=== Section Start ===
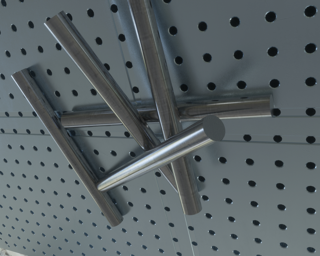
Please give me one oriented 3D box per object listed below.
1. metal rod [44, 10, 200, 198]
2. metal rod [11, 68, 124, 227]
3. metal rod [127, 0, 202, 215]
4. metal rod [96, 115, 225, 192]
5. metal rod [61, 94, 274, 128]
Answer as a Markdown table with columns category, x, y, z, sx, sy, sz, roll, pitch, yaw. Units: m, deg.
=== Section End ===
What is expected:
Please print the data above in its entirety, exactly, but without any picture.

Finished task:
Please give me one oriented 3D box per object listed below.
1. metal rod [44, 10, 200, 198]
2. metal rod [11, 68, 124, 227]
3. metal rod [127, 0, 202, 215]
4. metal rod [96, 115, 225, 192]
5. metal rod [61, 94, 274, 128]
Answer as a Markdown table with columns category, x, y, z, sx, sy, sz, roll, pitch, yaw. Units: m, deg.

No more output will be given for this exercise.